The thief didn't move. The jeweler froze.

“Drop it
now
. Raise your hands and turn around.”

The gunman let go of the gun and it fell to the floor. He turned slowly and, facing Paavo, reached up and removed his beard, then peeled the short, black hair from his head.

When the wig was gone, shoulder-length brown hair, streaked with gray, bushed out around a ravaged, tear-stained face. The thief was a woman.

“It's not my fault,” she said. The woman was of medium height, with a frail build. She looked in her early to mid-fifties.

Paavo pulled her arms behind her back and slipped handcuffs on her. As he did so, Officer McMahon from the Richmond Station showed up in response to Paavo's earlier request.

Paavo turned the thief over to the officer to read her her rights.

The jeweler, a thin, wiry little man, walked up to him,
his hand extended. “I'm Gregorovitch. Thank you for coming so quickly. When I got your call, I couldn't believe anyone would really want to steal such a thing. Then, when I saw the gun…” He shook his head.

“You did well,” Paavo said, shaking his hand.

“I didn't want to hurt anyone,” the thief cried. “I wouldn't have hurt him. I was just trying to help myself. Those eggs aren't worth much, you know. Just a little. This isn't even a felony, is it?”

“Armed robbery is a felony,” Paavo replied. “And so is murder.”

“Murder!”

“The murder of Nathan Ellis, the clerk at Sans Souci Jewelers. A young man with a wife, a future.”

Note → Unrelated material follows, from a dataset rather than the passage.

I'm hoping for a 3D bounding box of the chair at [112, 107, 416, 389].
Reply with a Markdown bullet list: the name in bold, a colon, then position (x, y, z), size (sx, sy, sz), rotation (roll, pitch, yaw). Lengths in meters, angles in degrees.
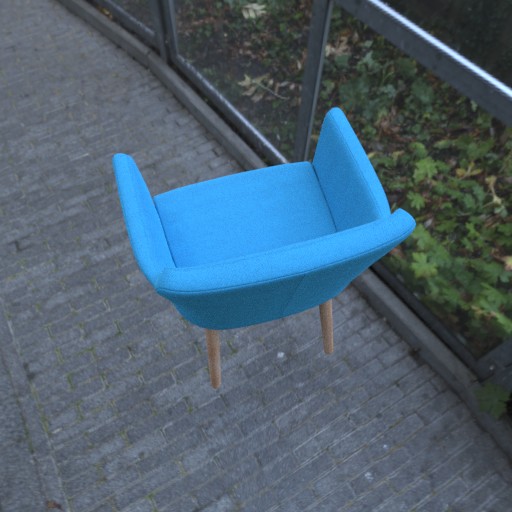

“But I didn't mean to—” She turned her head, her lower lip trembling.

“What's your name?” Paavo asked.

“Claudia Zelenin.” Her voice was little more than a whisper.

“Address?”

“Ninety-three Presidio Terrace.”

He glanced up at the posh address. “Do you live with anyone?”

“Alone. The house was once my parents'. It's mine now.”

“Occupation?”

“I don't do anything,” she replied. “The house is all I have left. It takes every bit of cash I can put my hands on just to pay property taxes.”

“I see. It's tough.” Paavo managed to keep a straight face. The house was probably worth a million, easy.

“That's why I needed the Fabergé eggs.” Her hands were clasped, her eyes pleading. “I had a Fabergé once, you see, but it was stolen. It was a family heirloom, taken away from me.”

“You had a real Fabergé egg?” He had read enough about them to know how impossible that was. They were museum pieces.

“Not an egg, but a ring box. It was very small and simple for Fabergé, but incredibly valuable nonetheless.”

“Excuse me, Ms. Zelenin,” he interrupted. “You might want to speak with your attorney before you say any more.”

“I know,” she said. “It's just that all this is so silly. So frustrating. I'm no criminal, to be handcuffed. I'm the victim.” She spoke quickly, growing more impassioned with each word. “My grandfather brought the Fabergé with him when he left Russia, you see. But I was so stupid, I let someone come into my house, into my heart, and take it from me.” Suddenly she began to sob. “I would have done anything for him! Anything! But he just wanted my money and valuables.”